[Data excerpts]
───

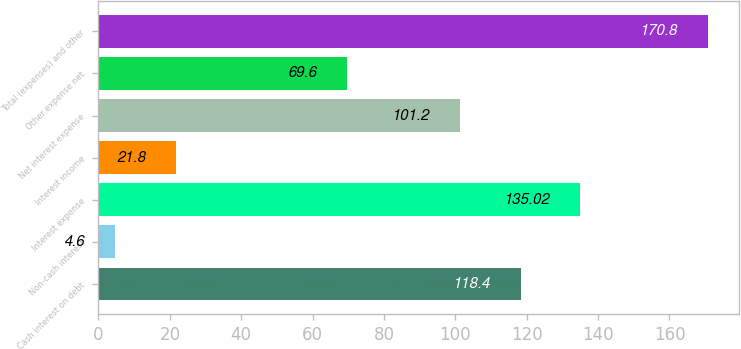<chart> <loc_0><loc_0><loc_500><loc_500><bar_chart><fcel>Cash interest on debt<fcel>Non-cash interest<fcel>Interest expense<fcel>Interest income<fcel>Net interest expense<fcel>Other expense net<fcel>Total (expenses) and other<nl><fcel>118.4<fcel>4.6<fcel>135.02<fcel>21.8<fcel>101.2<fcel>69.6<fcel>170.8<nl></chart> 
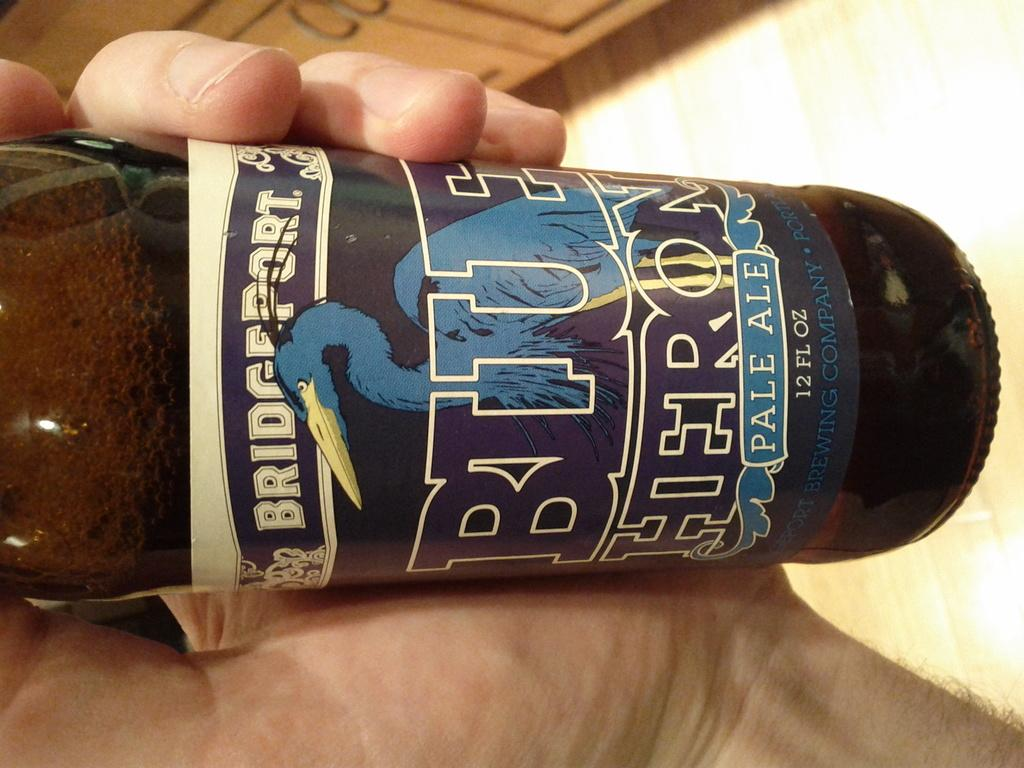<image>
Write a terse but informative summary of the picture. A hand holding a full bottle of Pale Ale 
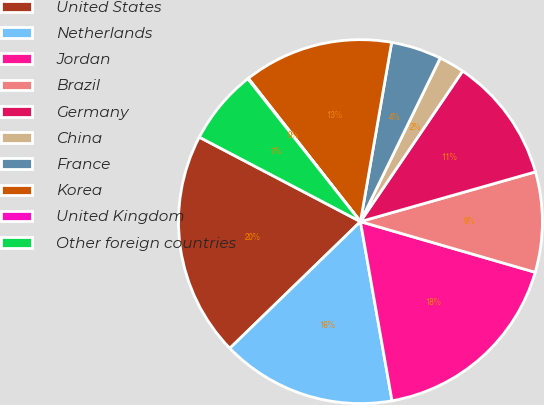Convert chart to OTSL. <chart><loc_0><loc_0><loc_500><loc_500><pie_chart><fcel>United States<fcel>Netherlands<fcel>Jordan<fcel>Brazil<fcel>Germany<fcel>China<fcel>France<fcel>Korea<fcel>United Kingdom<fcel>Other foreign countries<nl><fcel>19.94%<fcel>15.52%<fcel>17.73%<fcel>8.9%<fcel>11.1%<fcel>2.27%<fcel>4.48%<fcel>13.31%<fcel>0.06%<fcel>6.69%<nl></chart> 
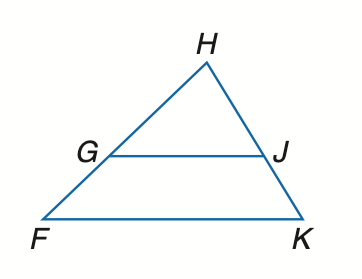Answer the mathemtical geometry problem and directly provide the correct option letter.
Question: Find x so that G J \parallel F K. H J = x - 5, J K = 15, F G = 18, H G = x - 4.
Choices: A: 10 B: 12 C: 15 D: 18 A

───

__THE TASK__:
Copy the data verbatim, skipping any image it holds.

__FINISHED TASK__:
<chart> <loc_0><loc_0><loc_500><loc_500><bar_chart><fcel>Cash interest on debt<fcel>Non-cash interest<fcel>Interest expense<fcel>Interest income<fcel>Net interest expense<fcel>Other expense net<fcel>Total (expenses) and other<nl><fcel>118.4<fcel>4.6<fcel>135.02<fcel>21.8<fcel>101.2<fcel>69.6<fcel>170.8<nl></chart> 
<image>
Write a terse but informative summary of the picture. A hand holding a full bottle of Pale Ale 
Convert chart to OTSL. <chart><loc_0><loc_0><loc_500><loc_500><pie_chart><fcel>United States<fcel>Netherlands<fcel>Jordan<fcel>Brazil<fcel>Germany<fcel>China<fcel>France<fcel>Korea<fcel>United Kingdom<fcel>Other foreign countries<nl><fcel>19.94%<fcel>15.52%<fcel>17.73%<fcel>8.9%<fcel>11.1%<fcel>2.27%<fcel>4.48%<fcel>13.31%<fcel>0.06%<fcel>6.69%<nl></chart> 
Answer the mathemtical geometry problem and directly provide the correct option letter.
Question: Find x so that G J \parallel F K. H J = x - 5, J K = 15, F G = 18, H G = x - 4.
Choices: A: 10 B: 12 C: 15 D: 18 A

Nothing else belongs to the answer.